Activity.
Could you write out the records below exactly as they appear, leaving out any pictures?

BEGIN Records shown

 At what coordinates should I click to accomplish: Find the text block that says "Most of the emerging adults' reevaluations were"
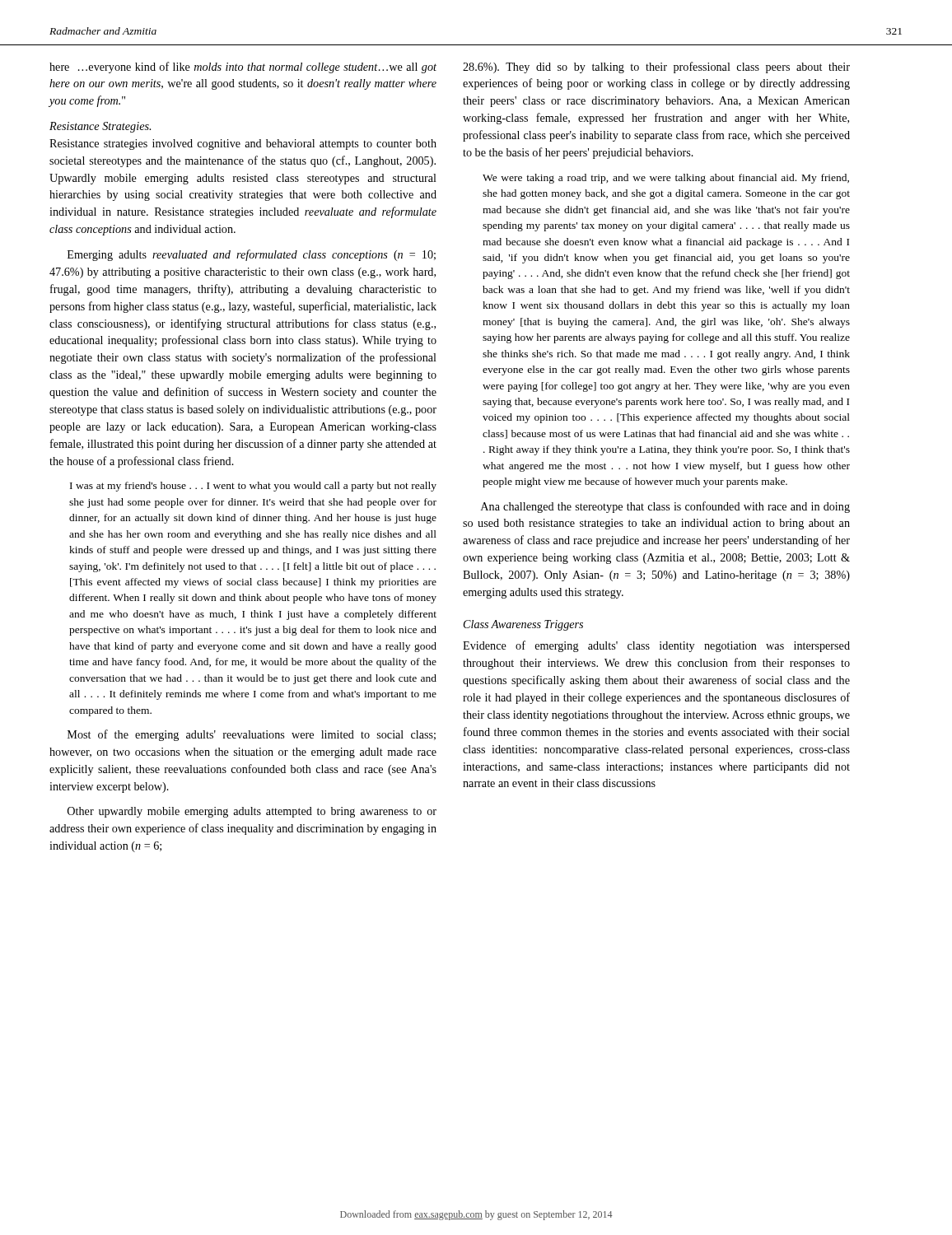coord(252,735)
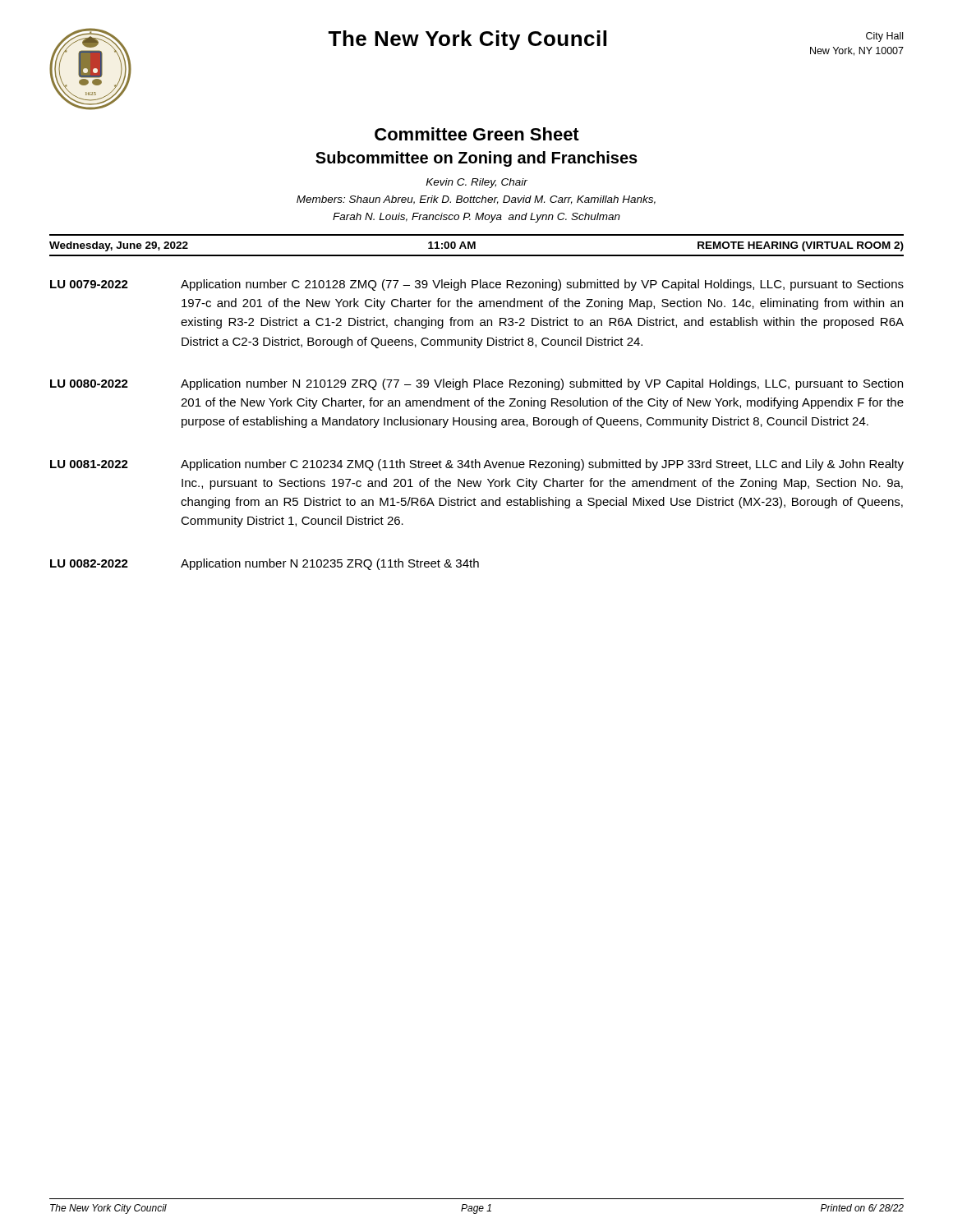953x1232 pixels.
Task: Point to the text block starting "LU 0079-2022"
Action: point(89,284)
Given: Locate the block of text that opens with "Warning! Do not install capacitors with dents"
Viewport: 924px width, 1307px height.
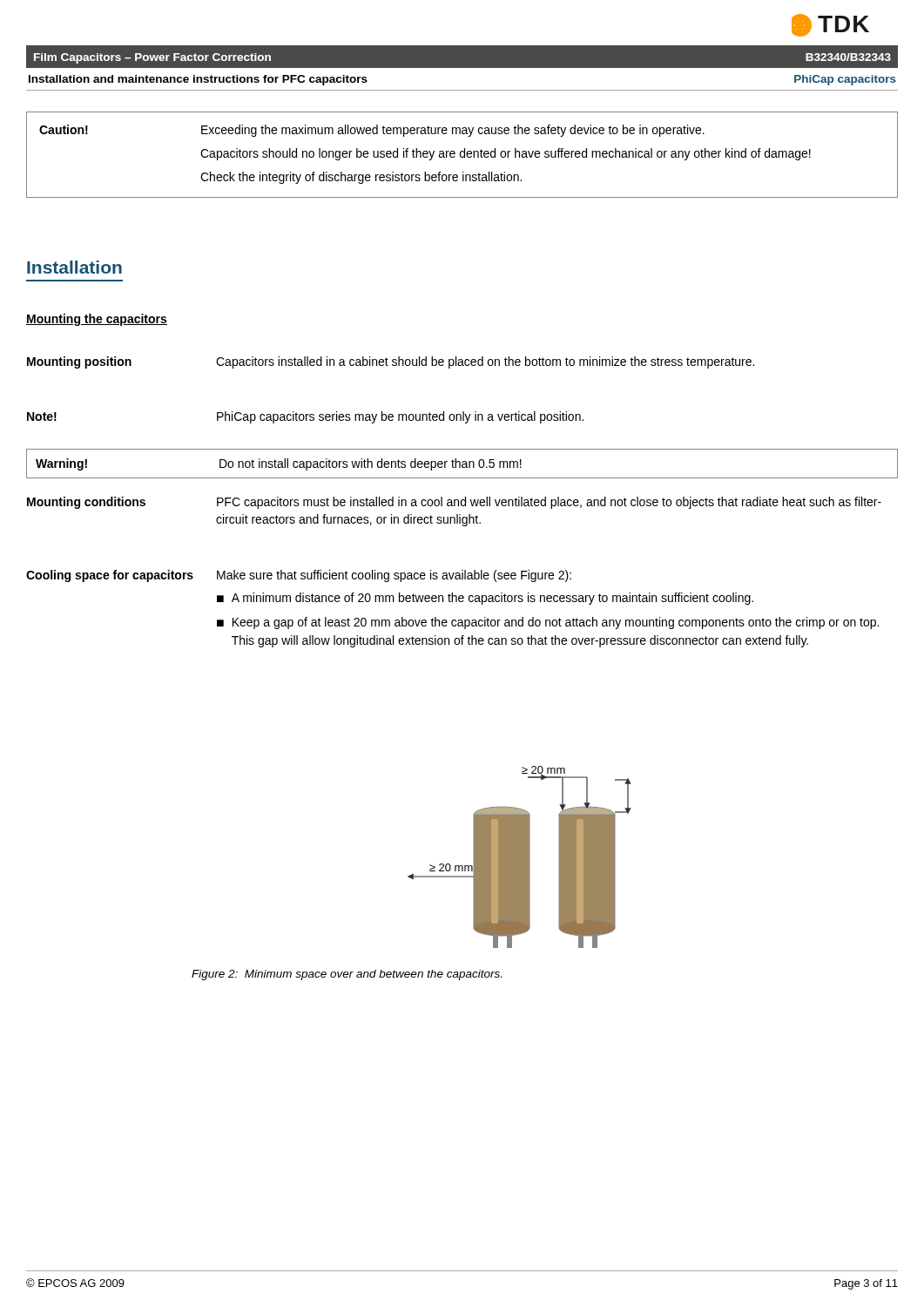Looking at the screenshot, I should tap(462, 464).

END Records shown

The answer.
 At what coordinates should I click to accomplish: Find the text block that says "Most of the emerging adults' reevaluations were"
coord(252,735)
953x1232 pixels.
Task: Point to the text block starting "LU 0079-2022"
Action: point(89,284)
Given: Locate the block of text that opens with "Warning! Do not install capacitors with dents"
Viewport: 924px width, 1307px height.
Looking at the screenshot, I should tap(462, 464).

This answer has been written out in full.